The SNC will decide on Monday evening which of its 20 members it will send to a conference in Riyadh later this month, Naghm al-Ghadri, the vice president, told Al Jazeera over the phone from Turkey on Tuesday.

“The Syrian Coalition, Local Coordination Committees, separate opposition members, 15 representatives of the Free Syrian Army and religious personnel will join together, following an invitation from Riyadh, to join the peace talks from December 11-13,” al-Ghadri said.

“The aim of this conference is to come out with a document in accordance with the Geneva communique, agreed on by all opposition sides.”

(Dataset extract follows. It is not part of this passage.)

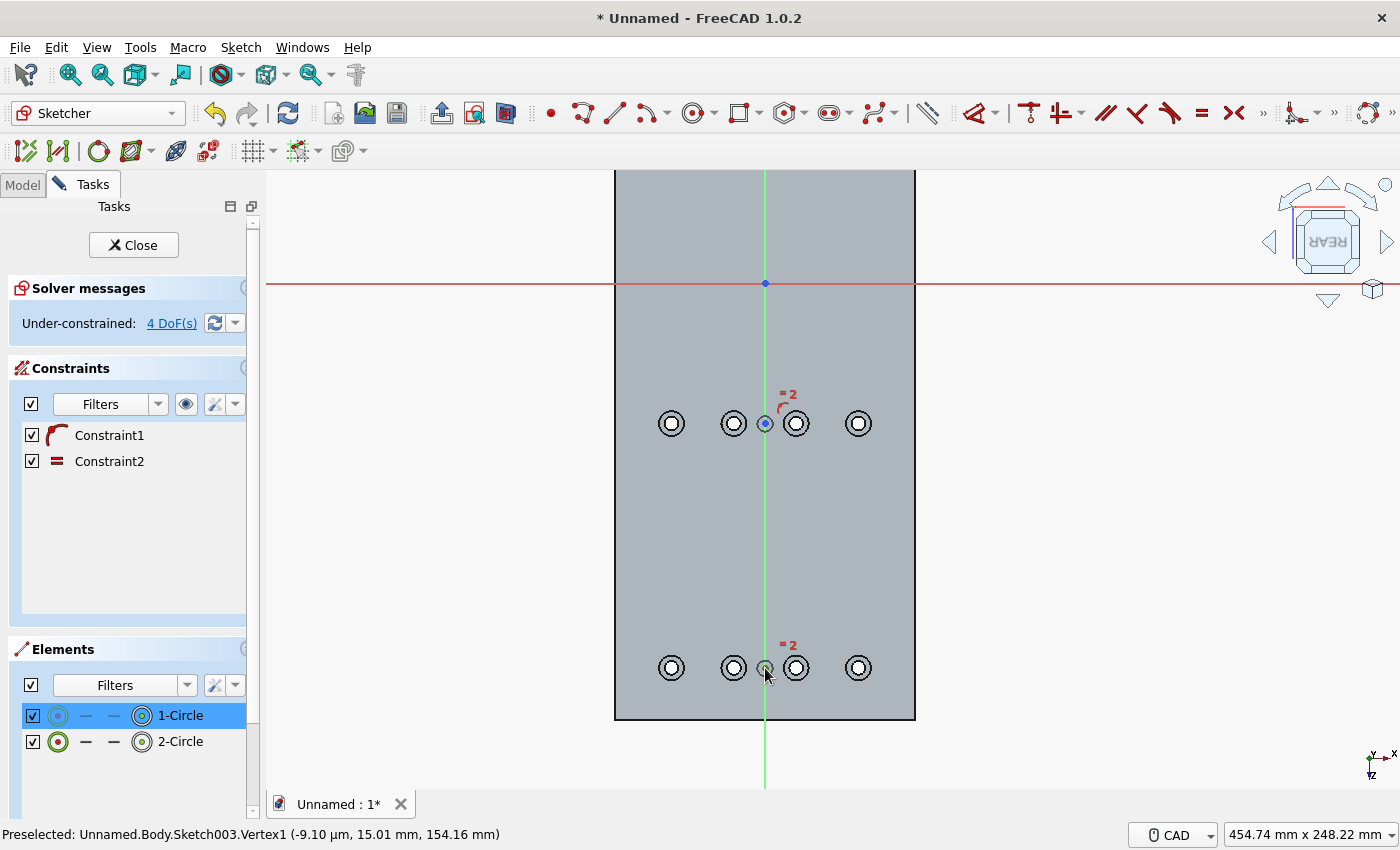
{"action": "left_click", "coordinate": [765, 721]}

The communique was adopted after an action group under the Geneva II Conference on Syria on June 30, 2012, attended by the then US Secretary of State Hillary Clinton, Russian Foreign Minister Sergei Lavrov and the then UN peace envoy to Syria Kofi Annan. It included a political settlement comprising ending all violence, restoring institutions and creating a new constitutional order in Syria.

Saudi Arabia’s Foreign Minister Adel al-Jubeir said on Friday that Riyadh was in contact with various Syrian opposition groups about the coming meeting, with the hope of unifying their position ahead of peace talks in Vienna due in January.

“Riyadh is trying to bring as broad a cross-section of Syrian opposition groups as possible” Jubeir said, adding that groups on “terrorist lists”, such as ISIL, would not be part of the talks.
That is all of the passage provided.